By The Star Staff
As the Official Committee of Retirees (COR) reported on Wednesday that it was ceasing operations, the American Federation of State, County & Municipal Employees (AFSCME) asked the Title III court that worked on the commonwealth’s bankruptcy to require the government to honor collective bargaining agreements (CBAs) as part of the exit plan.
Since its creation in 2017 by the U.S. Trustee under the PROMESA Law and the Bankruptcy Code, the Official Committee of Retirees has represented some 167,000 pensioners of the Central Retirement System, Teachers and the Judiciary in the bankruptcy process of Puerto Rico. The COR, however, announced that it was ceasing operations because the order confirming the adjustment plan for the commonwealth “is final, firm and unappealable.”
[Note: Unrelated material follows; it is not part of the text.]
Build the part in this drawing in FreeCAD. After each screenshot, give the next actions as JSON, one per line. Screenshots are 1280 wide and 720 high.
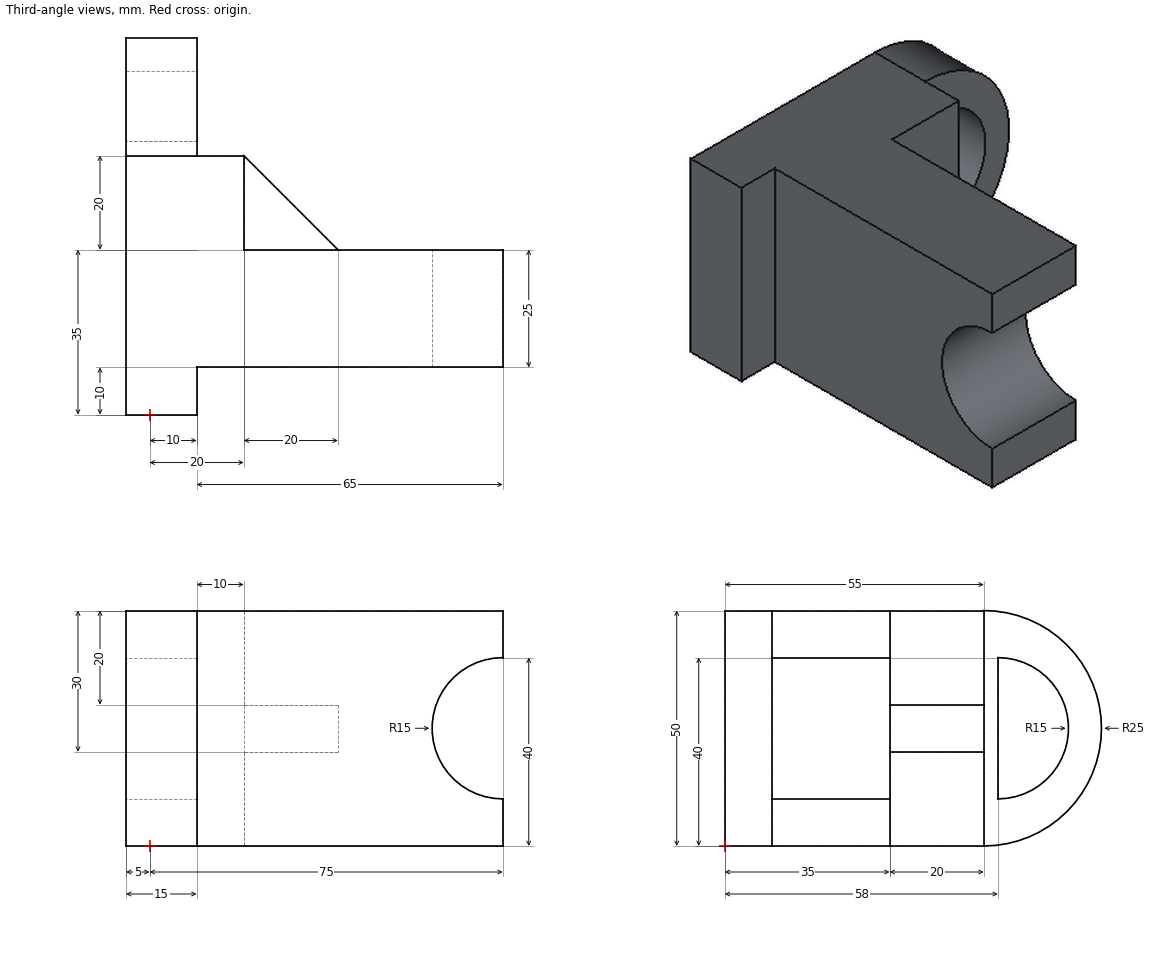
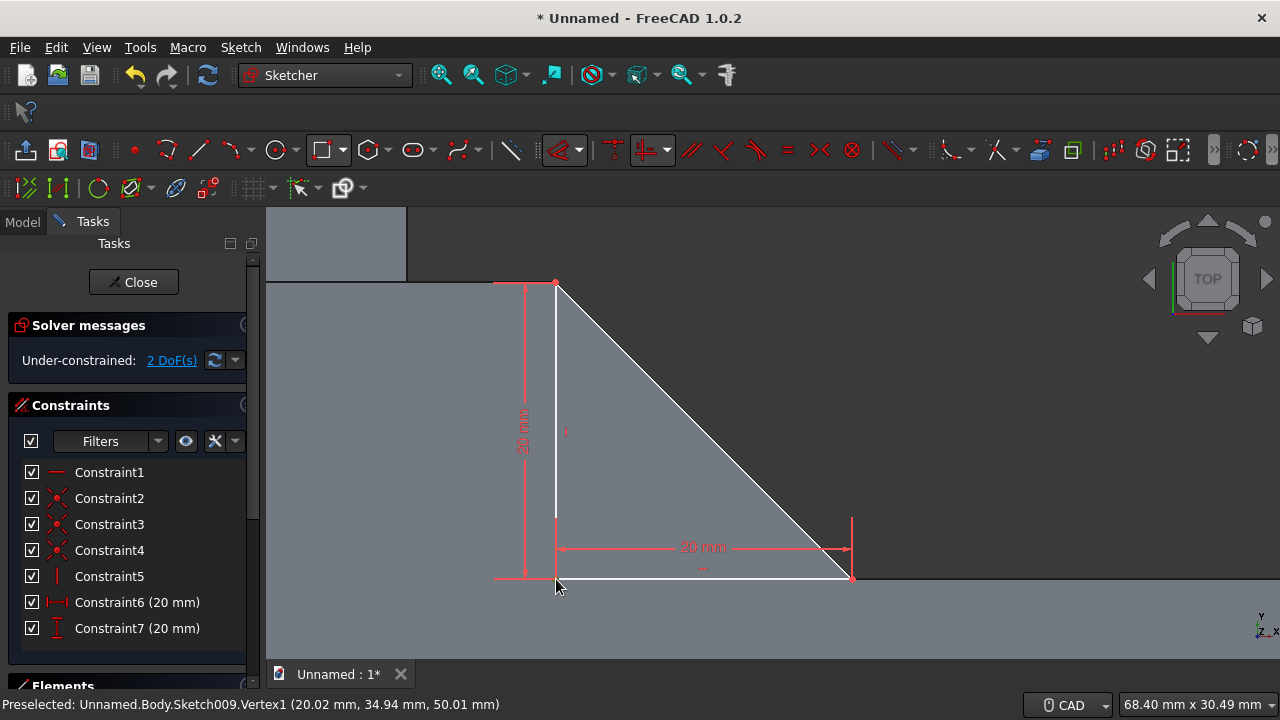
{"action": "key", "text": "l"}

AFSCME argued that employees were being actively harmed as the commonwealth, whose debt adjustment plan was confirmed in March 2022 to restructure some $33 billion in debt and $55 billion in pension liabilities, had failed to execute the CBAs for almost two years.
AFSCME was the only labor organization to support the plan. AFSCME’s early support served as a catalyst for settlements by other stakeholders.
“A critical underpinning of AFSCME’s rationale in being a Plan Support Party was that AFSCME would have five-year CBAs deemed fully-enforceable as of the Plan’s Effective Date,” the union said.
However, that has yet to happen. Employees, for instance, earned an upside bonus of about $11,000 in 2022. Because officials were not implementing the agreements, workers could not use that money for their defined contribution accounts, reducing their retirement savings, AFSCME argued.
AFSCME asked the court to enforce the plan and require that the CBAs be executed.
“AFSCME respectfully submits that judicial intervention is necessary to ensure that thousands of AFSCME-represented public employees continue to serve the commonwealth and its citizens with enforceable collectively bargained-for contract rights,” AFSCME said in a response supporting the consummation of the debt adjustment plan.